Rules of Wythoff's Nim

Wythoff's Nim is a deterministic two-player game played with two piles of identical counters. Players alternate turns, in which they do one of these:

  1. Remove one or more counters from the first pile
  2. Remove one or more counters from the second pile
  3. Remove an equal number of counters (one or more), from both the first pile and the second pile.

Of course, piles can't go negative, but they can to 0. Whichever player removes the last counter overall wins the game.

For the more geometrically-minded, here is an equivalent formulation of the game that you can play on this applet. A single queen starts on some square of a quarter-infinite chessboard whose corner is in the bottom-left. Players alternate moving the queen, which moves like a chess queen but restricted to three directions:

  1. Down
  2. Left
  3. Diagonally down and left

Whoever moves the queen to the corner wins.

Associating the queen's coordinates (with corner (0,0)) to the sizes of the respective piles, it's easy to see both games are the same.

Perfect play

(You can skip this if familiar with the notions of perfect play and winning moves.)

Since Wythoff's Nim is a finite and deterministic game, it has a notion of perfect play. A perfect player is a strategy that will always win from a theoretically won position, meaning a position in which there exists a strategy that guarantees a win.

To be a winning strategy, it suffices to move to always move to a theoretical winning position for the player who just moved, and thus the player not going next.
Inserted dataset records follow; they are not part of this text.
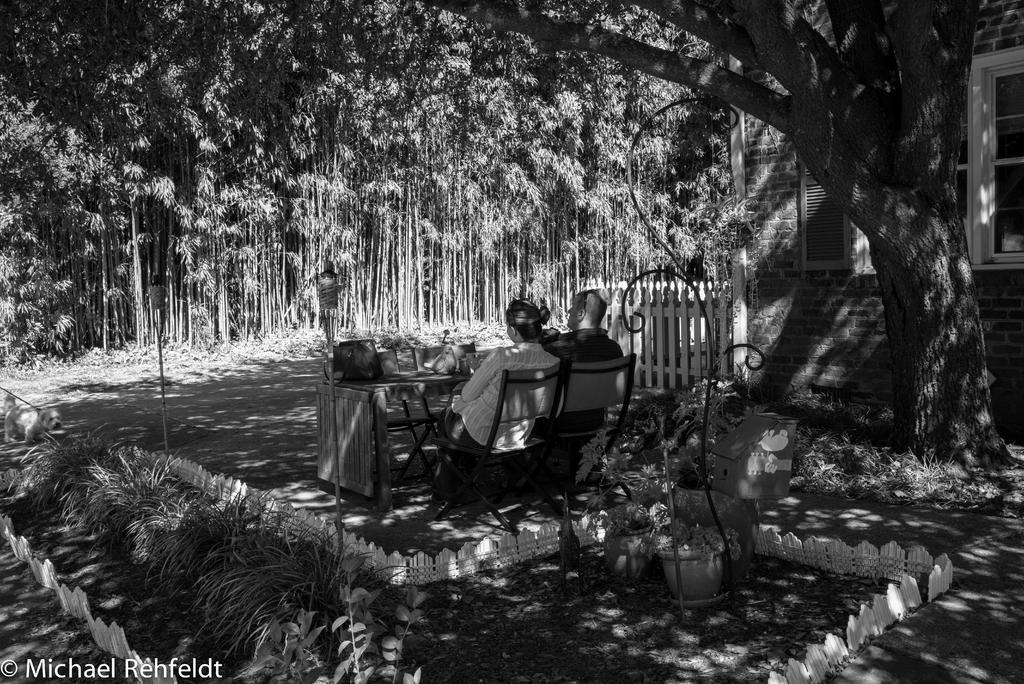In one or two sentences, can you explain what this image depicts? In this image in the center there are persons sitting on chair and in front of the persons there is a table, on the table there are objects. In the background there are trees. On the right side there is a building and there is a fence. In the front on the right side there are plants in the pots. 
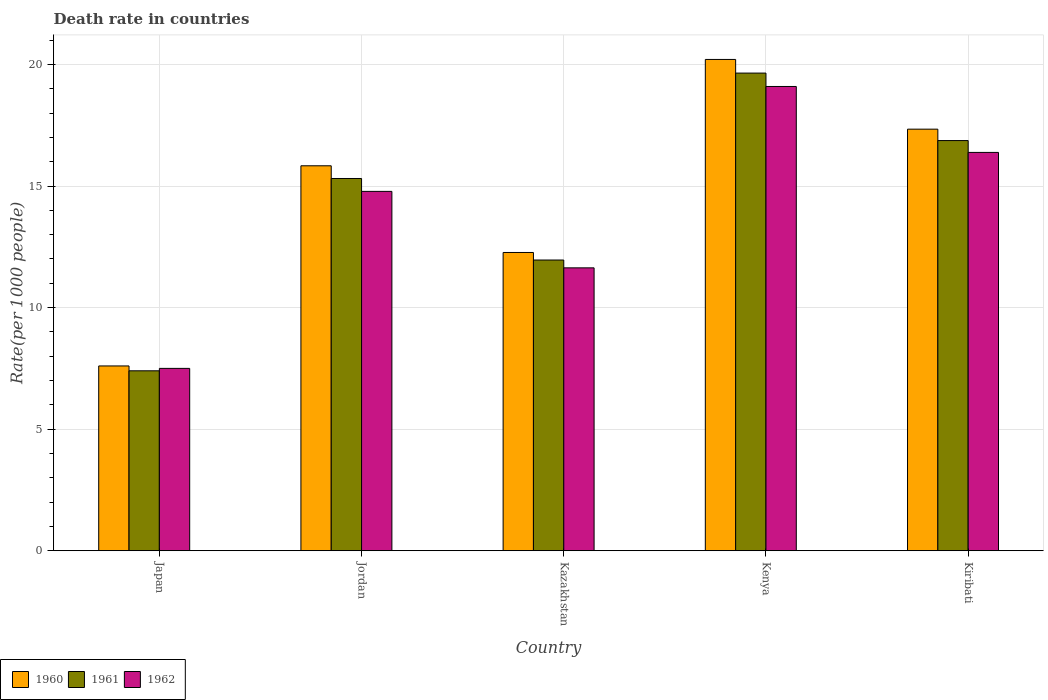How many different coloured bars are there?
Your response must be concise. 3. How many groups of bars are there?
Ensure brevity in your answer.  5. Are the number of bars per tick equal to the number of legend labels?
Make the answer very short. Yes. Are the number of bars on each tick of the X-axis equal?
Keep it short and to the point. Yes. How many bars are there on the 4th tick from the left?
Your response must be concise. 3. What is the label of the 3rd group of bars from the left?
Ensure brevity in your answer.  Kazakhstan. In how many cases, is the number of bars for a given country not equal to the number of legend labels?
Make the answer very short. 0. Across all countries, what is the maximum death rate in 1962?
Offer a terse response. 19.09. Across all countries, what is the minimum death rate in 1961?
Keep it short and to the point. 7.4. In which country was the death rate in 1960 maximum?
Provide a short and direct response. Kenya. In which country was the death rate in 1960 minimum?
Provide a short and direct response. Japan. What is the total death rate in 1962 in the graph?
Your answer should be very brief. 69.39. What is the difference between the death rate in 1960 in Jordan and that in Kenya?
Your answer should be compact. -4.37. What is the difference between the death rate in 1960 in Kenya and the death rate in 1962 in Jordan?
Offer a very short reply. 5.43. What is the average death rate in 1960 per country?
Offer a terse response. 14.65. What is the difference between the death rate of/in 1961 and death rate of/in 1960 in Kazakhstan?
Ensure brevity in your answer.  -0.31. What is the ratio of the death rate in 1960 in Jordan to that in Kazakhstan?
Keep it short and to the point. 1.29. Is the difference between the death rate in 1961 in Jordan and Kiribati greater than the difference between the death rate in 1960 in Jordan and Kiribati?
Make the answer very short. No. What is the difference between the highest and the second highest death rate in 1962?
Offer a very short reply. -2.71. What is the difference between the highest and the lowest death rate in 1962?
Give a very brief answer. 11.59. In how many countries, is the death rate in 1960 greater than the average death rate in 1960 taken over all countries?
Provide a short and direct response. 3. Is it the case that in every country, the sum of the death rate in 1961 and death rate in 1962 is greater than the death rate in 1960?
Keep it short and to the point. Yes. How many bars are there?
Your answer should be very brief. 15. What is the title of the graph?
Provide a short and direct response. Death rate in countries. What is the label or title of the Y-axis?
Your response must be concise. Rate(per 1000 people). What is the Rate(per 1000 people) of 1961 in Japan?
Ensure brevity in your answer.  7.4. What is the Rate(per 1000 people) of 1962 in Japan?
Ensure brevity in your answer.  7.5. What is the Rate(per 1000 people) of 1960 in Jordan?
Give a very brief answer. 15.83. What is the Rate(per 1000 people) in 1961 in Jordan?
Give a very brief answer. 15.31. What is the Rate(per 1000 people) in 1962 in Jordan?
Your answer should be very brief. 14.78. What is the Rate(per 1000 people) in 1960 in Kazakhstan?
Your answer should be compact. 12.27. What is the Rate(per 1000 people) in 1961 in Kazakhstan?
Your answer should be compact. 11.96. What is the Rate(per 1000 people) of 1962 in Kazakhstan?
Your answer should be very brief. 11.63. What is the Rate(per 1000 people) of 1960 in Kenya?
Your response must be concise. 20.21. What is the Rate(per 1000 people) in 1961 in Kenya?
Give a very brief answer. 19.65. What is the Rate(per 1000 people) in 1962 in Kenya?
Give a very brief answer. 19.09. What is the Rate(per 1000 people) of 1960 in Kiribati?
Offer a terse response. 17.34. What is the Rate(per 1000 people) in 1961 in Kiribati?
Make the answer very short. 16.87. What is the Rate(per 1000 people) of 1962 in Kiribati?
Offer a very short reply. 16.38. Across all countries, what is the maximum Rate(per 1000 people) in 1960?
Your response must be concise. 20.21. Across all countries, what is the maximum Rate(per 1000 people) of 1961?
Offer a terse response. 19.65. Across all countries, what is the maximum Rate(per 1000 people) in 1962?
Provide a succinct answer. 19.09. Across all countries, what is the minimum Rate(per 1000 people) in 1962?
Provide a succinct answer. 7.5. What is the total Rate(per 1000 people) of 1960 in the graph?
Your response must be concise. 73.25. What is the total Rate(per 1000 people) of 1961 in the graph?
Keep it short and to the point. 71.18. What is the total Rate(per 1000 people) of 1962 in the graph?
Give a very brief answer. 69.39. What is the difference between the Rate(per 1000 people) in 1960 in Japan and that in Jordan?
Offer a very short reply. -8.23. What is the difference between the Rate(per 1000 people) in 1961 in Japan and that in Jordan?
Offer a terse response. -7.91. What is the difference between the Rate(per 1000 people) in 1962 in Japan and that in Jordan?
Make the answer very short. -7.28. What is the difference between the Rate(per 1000 people) of 1960 in Japan and that in Kazakhstan?
Provide a succinct answer. -4.67. What is the difference between the Rate(per 1000 people) of 1961 in Japan and that in Kazakhstan?
Offer a very short reply. -4.56. What is the difference between the Rate(per 1000 people) in 1962 in Japan and that in Kazakhstan?
Your response must be concise. -4.13. What is the difference between the Rate(per 1000 people) in 1960 in Japan and that in Kenya?
Offer a very short reply. -12.61. What is the difference between the Rate(per 1000 people) of 1961 in Japan and that in Kenya?
Offer a terse response. -12.25. What is the difference between the Rate(per 1000 people) of 1962 in Japan and that in Kenya?
Your answer should be very brief. -11.6. What is the difference between the Rate(per 1000 people) of 1960 in Japan and that in Kiribati?
Offer a terse response. -9.74. What is the difference between the Rate(per 1000 people) of 1961 in Japan and that in Kiribati?
Make the answer very short. -9.47. What is the difference between the Rate(per 1000 people) of 1962 in Japan and that in Kiribati?
Make the answer very short. -8.88. What is the difference between the Rate(per 1000 people) of 1960 in Jordan and that in Kazakhstan?
Your answer should be very brief. 3.57. What is the difference between the Rate(per 1000 people) of 1961 in Jordan and that in Kazakhstan?
Your answer should be very brief. 3.35. What is the difference between the Rate(per 1000 people) in 1962 in Jordan and that in Kazakhstan?
Ensure brevity in your answer.  3.15. What is the difference between the Rate(per 1000 people) in 1960 in Jordan and that in Kenya?
Provide a short and direct response. -4.37. What is the difference between the Rate(per 1000 people) of 1961 in Jordan and that in Kenya?
Your response must be concise. -4.34. What is the difference between the Rate(per 1000 people) in 1962 in Jordan and that in Kenya?
Offer a terse response. -4.32. What is the difference between the Rate(per 1000 people) of 1960 in Jordan and that in Kiribati?
Offer a terse response. -1.51. What is the difference between the Rate(per 1000 people) in 1961 in Jordan and that in Kiribati?
Your response must be concise. -1.56. What is the difference between the Rate(per 1000 people) in 1962 in Jordan and that in Kiribati?
Your answer should be compact. -1.6. What is the difference between the Rate(per 1000 people) of 1960 in Kazakhstan and that in Kenya?
Keep it short and to the point. -7.94. What is the difference between the Rate(per 1000 people) of 1961 in Kazakhstan and that in Kenya?
Your answer should be compact. -7.69. What is the difference between the Rate(per 1000 people) of 1962 in Kazakhstan and that in Kenya?
Your response must be concise. -7.46. What is the difference between the Rate(per 1000 people) of 1960 in Kazakhstan and that in Kiribati?
Give a very brief answer. -5.07. What is the difference between the Rate(per 1000 people) of 1961 in Kazakhstan and that in Kiribati?
Provide a short and direct response. -4.91. What is the difference between the Rate(per 1000 people) in 1962 in Kazakhstan and that in Kiribati?
Provide a succinct answer. -4.75. What is the difference between the Rate(per 1000 people) in 1960 in Kenya and that in Kiribati?
Make the answer very short. 2.87. What is the difference between the Rate(per 1000 people) in 1961 in Kenya and that in Kiribati?
Your response must be concise. 2.78. What is the difference between the Rate(per 1000 people) in 1962 in Kenya and that in Kiribati?
Provide a short and direct response. 2.71. What is the difference between the Rate(per 1000 people) of 1960 in Japan and the Rate(per 1000 people) of 1961 in Jordan?
Provide a succinct answer. -7.71. What is the difference between the Rate(per 1000 people) of 1960 in Japan and the Rate(per 1000 people) of 1962 in Jordan?
Provide a short and direct response. -7.18. What is the difference between the Rate(per 1000 people) of 1961 in Japan and the Rate(per 1000 people) of 1962 in Jordan?
Provide a succinct answer. -7.38. What is the difference between the Rate(per 1000 people) in 1960 in Japan and the Rate(per 1000 people) in 1961 in Kazakhstan?
Offer a very short reply. -4.36. What is the difference between the Rate(per 1000 people) in 1960 in Japan and the Rate(per 1000 people) in 1962 in Kazakhstan?
Provide a short and direct response. -4.04. What is the difference between the Rate(per 1000 people) of 1961 in Japan and the Rate(per 1000 people) of 1962 in Kazakhstan?
Your answer should be compact. -4.24. What is the difference between the Rate(per 1000 people) in 1960 in Japan and the Rate(per 1000 people) in 1961 in Kenya?
Provide a succinct answer. -12.05. What is the difference between the Rate(per 1000 people) of 1960 in Japan and the Rate(per 1000 people) of 1962 in Kenya?
Your answer should be very brief. -11.49. What is the difference between the Rate(per 1000 people) of 1961 in Japan and the Rate(per 1000 people) of 1962 in Kenya?
Your answer should be very brief. -11.7. What is the difference between the Rate(per 1000 people) of 1960 in Japan and the Rate(per 1000 people) of 1961 in Kiribati?
Make the answer very short. -9.27. What is the difference between the Rate(per 1000 people) of 1960 in Japan and the Rate(per 1000 people) of 1962 in Kiribati?
Your response must be concise. -8.78. What is the difference between the Rate(per 1000 people) of 1961 in Japan and the Rate(per 1000 people) of 1962 in Kiribati?
Your answer should be very brief. -8.98. What is the difference between the Rate(per 1000 people) of 1960 in Jordan and the Rate(per 1000 people) of 1961 in Kazakhstan?
Keep it short and to the point. 3.88. What is the difference between the Rate(per 1000 people) in 1960 in Jordan and the Rate(per 1000 people) in 1962 in Kazakhstan?
Provide a short and direct response. 4.2. What is the difference between the Rate(per 1000 people) in 1961 in Jordan and the Rate(per 1000 people) in 1962 in Kazakhstan?
Ensure brevity in your answer.  3.67. What is the difference between the Rate(per 1000 people) of 1960 in Jordan and the Rate(per 1000 people) of 1961 in Kenya?
Provide a succinct answer. -3.81. What is the difference between the Rate(per 1000 people) in 1960 in Jordan and the Rate(per 1000 people) in 1962 in Kenya?
Provide a short and direct response. -3.26. What is the difference between the Rate(per 1000 people) in 1961 in Jordan and the Rate(per 1000 people) in 1962 in Kenya?
Give a very brief answer. -3.79. What is the difference between the Rate(per 1000 people) of 1960 in Jordan and the Rate(per 1000 people) of 1961 in Kiribati?
Make the answer very short. -1.04. What is the difference between the Rate(per 1000 people) in 1960 in Jordan and the Rate(per 1000 people) in 1962 in Kiribati?
Make the answer very short. -0.55. What is the difference between the Rate(per 1000 people) in 1961 in Jordan and the Rate(per 1000 people) in 1962 in Kiribati?
Provide a short and direct response. -1.07. What is the difference between the Rate(per 1000 people) of 1960 in Kazakhstan and the Rate(per 1000 people) of 1961 in Kenya?
Your response must be concise. -7.38. What is the difference between the Rate(per 1000 people) in 1960 in Kazakhstan and the Rate(per 1000 people) in 1962 in Kenya?
Your answer should be compact. -6.83. What is the difference between the Rate(per 1000 people) of 1961 in Kazakhstan and the Rate(per 1000 people) of 1962 in Kenya?
Ensure brevity in your answer.  -7.14. What is the difference between the Rate(per 1000 people) in 1960 in Kazakhstan and the Rate(per 1000 people) in 1961 in Kiribati?
Your answer should be very brief. -4.6. What is the difference between the Rate(per 1000 people) in 1960 in Kazakhstan and the Rate(per 1000 people) in 1962 in Kiribati?
Offer a very short reply. -4.12. What is the difference between the Rate(per 1000 people) of 1961 in Kazakhstan and the Rate(per 1000 people) of 1962 in Kiribati?
Provide a short and direct response. -4.43. What is the difference between the Rate(per 1000 people) in 1960 in Kenya and the Rate(per 1000 people) in 1961 in Kiribati?
Provide a short and direct response. 3.34. What is the difference between the Rate(per 1000 people) in 1960 in Kenya and the Rate(per 1000 people) in 1962 in Kiribati?
Give a very brief answer. 3.82. What is the difference between the Rate(per 1000 people) in 1961 in Kenya and the Rate(per 1000 people) in 1962 in Kiribati?
Ensure brevity in your answer.  3.26. What is the average Rate(per 1000 people) in 1960 per country?
Ensure brevity in your answer.  14.65. What is the average Rate(per 1000 people) in 1961 per country?
Offer a very short reply. 14.24. What is the average Rate(per 1000 people) in 1962 per country?
Make the answer very short. 13.88. What is the difference between the Rate(per 1000 people) of 1960 and Rate(per 1000 people) of 1962 in Japan?
Offer a terse response. 0.1. What is the difference between the Rate(per 1000 people) of 1960 and Rate(per 1000 people) of 1961 in Jordan?
Ensure brevity in your answer.  0.52. What is the difference between the Rate(per 1000 people) of 1960 and Rate(per 1000 people) of 1962 in Jordan?
Provide a succinct answer. 1.05. What is the difference between the Rate(per 1000 people) in 1961 and Rate(per 1000 people) in 1962 in Jordan?
Provide a succinct answer. 0.53. What is the difference between the Rate(per 1000 people) of 1960 and Rate(per 1000 people) of 1961 in Kazakhstan?
Provide a short and direct response. 0.31. What is the difference between the Rate(per 1000 people) of 1960 and Rate(per 1000 people) of 1962 in Kazakhstan?
Offer a very short reply. 0.63. What is the difference between the Rate(per 1000 people) of 1961 and Rate(per 1000 people) of 1962 in Kazakhstan?
Keep it short and to the point. 0.32. What is the difference between the Rate(per 1000 people) of 1960 and Rate(per 1000 people) of 1961 in Kenya?
Offer a very short reply. 0.56. What is the difference between the Rate(per 1000 people) in 1960 and Rate(per 1000 people) in 1962 in Kenya?
Provide a succinct answer. 1.11. What is the difference between the Rate(per 1000 people) in 1961 and Rate(per 1000 people) in 1962 in Kenya?
Make the answer very short. 0.55. What is the difference between the Rate(per 1000 people) in 1960 and Rate(per 1000 people) in 1961 in Kiribati?
Provide a short and direct response. 0.47. What is the difference between the Rate(per 1000 people) in 1960 and Rate(per 1000 people) in 1962 in Kiribati?
Offer a very short reply. 0.96. What is the difference between the Rate(per 1000 people) of 1961 and Rate(per 1000 people) of 1962 in Kiribati?
Offer a terse response. 0.49. What is the ratio of the Rate(per 1000 people) of 1960 in Japan to that in Jordan?
Offer a very short reply. 0.48. What is the ratio of the Rate(per 1000 people) of 1961 in Japan to that in Jordan?
Provide a succinct answer. 0.48. What is the ratio of the Rate(per 1000 people) of 1962 in Japan to that in Jordan?
Offer a very short reply. 0.51. What is the ratio of the Rate(per 1000 people) in 1960 in Japan to that in Kazakhstan?
Offer a very short reply. 0.62. What is the ratio of the Rate(per 1000 people) in 1961 in Japan to that in Kazakhstan?
Your answer should be compact. 0.62. What is the ratio of the Rate(per 1000 people) of 1962 in Japan to that in Kazakhstan?
Give a very brief answer. 0.64. What is the ratio of the Rate(per 1000 people) of 1960 in Japan to that in Kenya?
Give a very brief answer. 0.38. What is the ratio of the Rate(per 1000 people) of 1961 in Japan to that in Kenya?
Provide a short and direct response. 0.38. What is the ratio of the Rate(per 1000 people) of 1962 in Japan to that in Kenya?
Offer a very short reply. 0.39. What is the ratio of the Rate(per 1000 people) of 1960 in Japan to that in Kiribati?
Provide a succinct answer. 0.44. What is the ratio of the Rate(per 1000 people) of 1961 in Japan to that in Kiribati?
Your response must be concise. 0.44. What is the ratio of the Rate(per 1000 people) in 1962 in Japan to that in Kiribati?
Make the answer very short. 0.46. What is the ratio of the Rate(per 1000 people) of 1960 in Jordan to that in Kazakhstan?
Provide a short and direct response. 1.29. What is the ratio of the Rate(per 1000 people) of 1961 in Jordan to that in Kazakhstan?
Provide a succinct answer. 1.28. What is the ratio of the Rate(per 1000 people) of 1962 in Jordan to that in Kazakhstan?
Your response must be concise. 1.27. What is the ratio of the Rate(per 1000 people) in 1960 in Jordan to that in Kenya?
Your answer should be compact. 0.78. What is the ratio of the Rate(per 1000 people) in 1961 in Jordan to that in Kenya?
Offer a terse response. 0.78. What is the ratio of the Rate(per 1000 people) of 1962 in Jordan to that in Kenya?
Provide a short and direct response. 0.77. What is the ratio of the Rate(per 1000 people) of 1960 in Jordan to that in Kiribati?
Offer a very short reply. 0.91. What is the ratio of the Rate(per 1000 people) of 1961 in Jordan to that in Kiribati?
Your answer should be very brief. 0.91. What is the ratio of the Rate(per 1000 people) in 1962 in Jordan to that in Kiribati?
Offer a terse response. 0.9. What is the ratio of the Rate(per 1000 people) of 1960 in Kazakhstan to that in Kenya?
Keep it short and to the point. 0.61. What is the ratio of the Rate(per 1000 people) in 1961 in Kazakhstan to that in Kenya?
Offer a very short reply. 0.61. What is the ratio of the Rate(per 1000 people) in 1962 in Kazakhstan to that in Kenya?
Offer a terse response. 0.61. What is the ratio of the Rate(per 1000 people) of 1960 in Kazakhstan to that in Kiribati?
Your answer should be very brief. 0.71. What is the ratio of the Rate(per 1000 people) of 1961 in Kazakhstan to that in Kiribati?
Provide a short and direct response. 0.71. What is the ratio of the Rate(per 1000 people) of 1962 in Kazakhstan to that in Kiribati?
Keep it short and to the point. 0.71. What is the ratio of the Rate(per 1000 people) in 1960 in Kenya to that in Kiribati?
Make the answer very short. 1.17. What is the ratio of the Rate(per 1000 people) of 1961 in Kenya to that in Kiribati?
Your answer should be compact. 1.16. What is the ratio of the Rate(per 1000 people) in 1962 in Kenya to that in Kiribati?
Ensure brevity in your answer.  1.17. What is the difference between the highest and the second highest Rate(per 1000 people) in 1960?
Provide a short and direct response. 2.87. What is the difference between the highest and the second highest Rate(per 1000 people) in 1961?
Make the answer very short. 2.78. What is the difference between the highest and the second highest Rate(per 1000 people) in 1962?
Make the answer very short. 2.71. What is the difference between the highest and the lowest Rate(per 1000 people) of 1960?
Ensure brevity in your answer.  12.61. What is the difference between the highest and the lowest Rate(per 1000 people) in 1961?
Your response must be concise. 12.25. What is the difference between the highest and the lowest Rate(per 1000 people) in 1962?
Provide a short and direct response. 11.6.

The first of these winning positions (also called cold positions) are (0,0), (1,2), (2,1), (3,5), (5,3). See the Wikipedia article for an explanation of an algorithm to find a winning strategy for Wythoff's Nim, as well as a formula to generate win positions.

Program requirements

Write a program or function takes a position as input and outputs a winning move in the form of the position after that move. Fewest bytes wins.

If no winning move exists, i.e., the position is a theoretical loss, your program should indicate so and forfeit.

Your program must run within a reasonable amount of time. So, an exponential recursive game tree search will not suffice. If you want to precompute and hard-code a strategy, that's fine.

Input

A pair (i,j) of non-negative numbers representing pile sizes, each at most 99. This can be two numbers, a tuple, a list, or whatever container you prefer.

Output

Print or output the position after your move, again as two numbers or a container thereof. This must be a legal move to a winning position. If there's multiple such moves, any one is fine, but only one.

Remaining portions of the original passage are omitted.